The first such Top-500-Company rating of American corporations based on income figures was published by Fortune magazine, back in 1955. RBC published its first version of a Top-500 list for Russia's largest corporations sixty years later. The two ratings differ slightly in their methodology. The Fortune-500 lists American public corporations whose shares are publicly traded, as well as non-public corporations who are accountable to government bodies. This means that the listing omits a raft of major private corporations such as Cargill, Dell, and Mars. Meanwhile the RBK listings cover all major corporations in Russia — regardless of whether their shares are traded on the markets or not.


There are far more differences between the companies who come within these two ratings systems. The most glaring discrepancy is in the sizes of these corporations – although hardly surprising, when you compare the USA's GDP with Russia's. If we add the total income for the American Fortune-500 companies, it totals $12.5 trillion dollars – whereas the collective incomes of the RBC-500 don't even scrape the $1.5 trillion mark. 


The difference between their overall profits is even greater — $53 billion, versus $945 billion. Why is the level of difference for this factor so much greater? Firstly, the profits of Russian companies are often 'eaten' by exchange rates and debt re-evaluations – which are normally pegged in foreign currencies. Secondly and more prosaically, the RBC-500 list includes more loss-makers– 102 loss-making companies, compared to just 38 amid the Fortune-500. 

Although the totaled revenues in both rating schemes differ by a factor of more than eight times, the gap between their leaders is not so huge – Walmart's sales hit $486 billion, while Gazprom's net revenues were $143 billion.
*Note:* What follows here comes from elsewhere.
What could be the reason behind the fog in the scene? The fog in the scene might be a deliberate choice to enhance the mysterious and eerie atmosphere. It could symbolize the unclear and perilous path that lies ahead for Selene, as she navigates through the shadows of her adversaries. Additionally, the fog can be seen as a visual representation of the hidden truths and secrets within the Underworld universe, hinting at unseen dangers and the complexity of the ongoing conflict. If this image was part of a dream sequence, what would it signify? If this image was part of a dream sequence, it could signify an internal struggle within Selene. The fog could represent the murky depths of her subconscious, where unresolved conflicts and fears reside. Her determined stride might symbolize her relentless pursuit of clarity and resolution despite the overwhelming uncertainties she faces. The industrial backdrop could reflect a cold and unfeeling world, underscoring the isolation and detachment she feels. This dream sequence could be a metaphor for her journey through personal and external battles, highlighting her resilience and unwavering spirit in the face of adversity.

Russian state-run natural giant Gazprom CEO Alexei Miller
© AP Photos, Alexander Zemlianichenko
Russian state-run natural giant Gazprom CEO Alexei Miller

In the category of  'least profitable corporation' Vneshekonombank trounced American company Energy Futures Holdings. VEB contrived to lose $6.5 billion, while Texas's largest energy company lost only $6.4 billion. Both are examples of weak management. Vneshekonombank had to create reserves from loans. Energy Futures Holdings has colossal debts, since the company was bought out by an investment consortium on cash borrowed under the LBO scheme. The investors were counting on a rise in gas prices – and as a result, improved competitiveness for the coal-fired and nuclear power plants which Energy Futures Holdings owns. However, gas prices instead dropped, and the company was forced to file for bankruptcy early in 2014. The differences are even less significant when we compare the two leaders with highest profits – Apple Corp ($40 billion) and Surgutneftegaz ($23 billion). But if the oil corporation's profits is down to the paper revaluation of its currency assets, Apple's profits are strictly from the cash value of the sales of its smartphones and tablets.


If we compare the stats for companies who led the way in falling revenues, then in the RBC-500 and the Fortune-500 they've dropped by 46%. The revenue loss at Stroygazconsulting involves a drop in Gazprom contracts, while at SuperValu the loss was caused by the company's inability to set up business services after absorbing 2000 stores in 2006, against the background of a fiercely competitive US market. Over six years the Super-Valu corporation went through four different CEOs, and in a business reconstruction program the corporation sold-off chunks of its business.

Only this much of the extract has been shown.